I am in the final stage of my PhD studies. My official study runs August and September, and, Lord willing, I will defend my dissertation in March or April of 2019. The central theory in my studies is what I call transactional semiotics.
Because academic writing has its own rules, I am challenged when trying to explicate my idea because I have to interrupt myself with APA citations (lest I miss one upon revisions). This post is my attempt to share my concept without adhering to the strict rules of academia. For the most part, my ideas reflect a blend of the philosophies of Louise Rosenblatt and Charles S. Peirce.
Rosenblatt developed the concept of reading as a transaction with a text. Taking her lead (and the term) from Dewey, Rosenblatt considered reading more than decoding words on pages. She taught that a readers’ background experiences, personal histories, and internal philosophies inform or affect how they understand texts. Transactionalism, as she called it, meant that readers looked at texts through the lenses of their personalities, and their interpretations of what they read came from their experiences. Additionally, Rosenblatt postulated that reading is a cyclical transaction, made complete when readers create something new based on their interpretations of a given text. The reading transaction triad was made up of three parts: the text, the reader, and the poem (or creation of a new text by the reader.) Part of her philosophy was segregated from its based and labeled the reader-response method of teaching reading. The most important element of reading, according to this view, is the reader.
Focusing intently on the reader was part of Rosenblatt’s perspective, but she didn’t believe the context of the text or the message of an author was unimportant. It was along this line that reader-response theory cracked and fell into disfavor. As a writer myself, I want readers to understand what I am trying to convey before they begin to reinterpret it according to their experiences. Rosenblatt did not intend for readers to divorce the text from the author, but rather wanted readers to expand how they understood a text by adding their voices and the voices of others to its meaning. Hers was a broad view of interpretation, one wherein the author and readers engage in a conversation through the creation and recreation of texts.
Rosenblatt looked, not only to Dewey, but also to Peirce. Peirce was an American philosopher and scientist with a broad scope of interests, but his primary focus was logic and a theory of sign that he called semiotics. (He later changed the spelling to semeiotics because his original theory was misunderstood and connected to a language theory by Saussure, but that is another conversation.) For Peirce, understanding required three elements of equal importance: an object, an interpretant, and a sign. The object is the easiest part to explain–the object is, well, an object. A person, place, thing, feeling, idea, or text. The interpretant is the person who recognizes the object. The sign is the way the person describes the object and the way he/she communicates it to others. There are a lot more elements, but in its simplest form, the essence of semiotics is the system of how a person assigns identifying symbols to an object.
Sign systems vary by context and culture. Letters are a form of signs. In Language Arts, words, particularly written words, are the most common sign for giving meaning to things. But the culture and context matter. The letters F,A,C,E means one thing to to musicians (namely the named spaces on the treble clef in a sheet of music), but more commonly put together as a reference to the part of the body containing nose, eyes, and mouth. Face also describes part of clocks and watches, along with other objects I can’t name at the moment. The object and the signs exist independently of one another; only the person (the interpretant) makes the connection between them.
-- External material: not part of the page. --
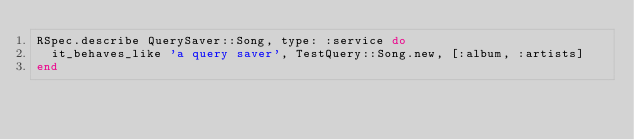Convert code to text. <code><loc_0><loc_0><loc_500><loc_500><_Ruby_>RSpec.describe QuerySaver::Song, type: :service do
  it_behaves_like 'a query saver', TestQuery::Song.new, [:album, :artists]
end
</code>

As in Rosenblatt’s theory, Peircean semiotics relies on the experiences and prior knowledge to make meaning of the object. Like Rosenblatt assumes the importance of works to convey meaning, Peirce assumes a knowledge of a particular sign system. For both, a person (reader or interpretant) sees a thing (text or object) and makes meaning of it using personal experience, prior knowledge, and language/signs. The meaning is conveyed by connecting the person and the thing through a newly created assignation (text or signs).
The concept of transactional semiotics in English Language Arts (ELA) is a mix of the two ideas applied to meaning making and composition. Because I am focused on teachers in ELA classrooms, my application is specific to how transactional semiotics works in educational settings. Broadly I think it applies to any kind of study. Peirce was not an educator (although he wanted to teach at university), and he applied his semiotic theory to science and mathematics more than to the humanities. Literature and composition may fall under the auspices of the arts, but only in a world that has segregated studies into subject areas. The living world and the experiences of it are holistic, and therefore, logic matters in all realms of observation and knowing.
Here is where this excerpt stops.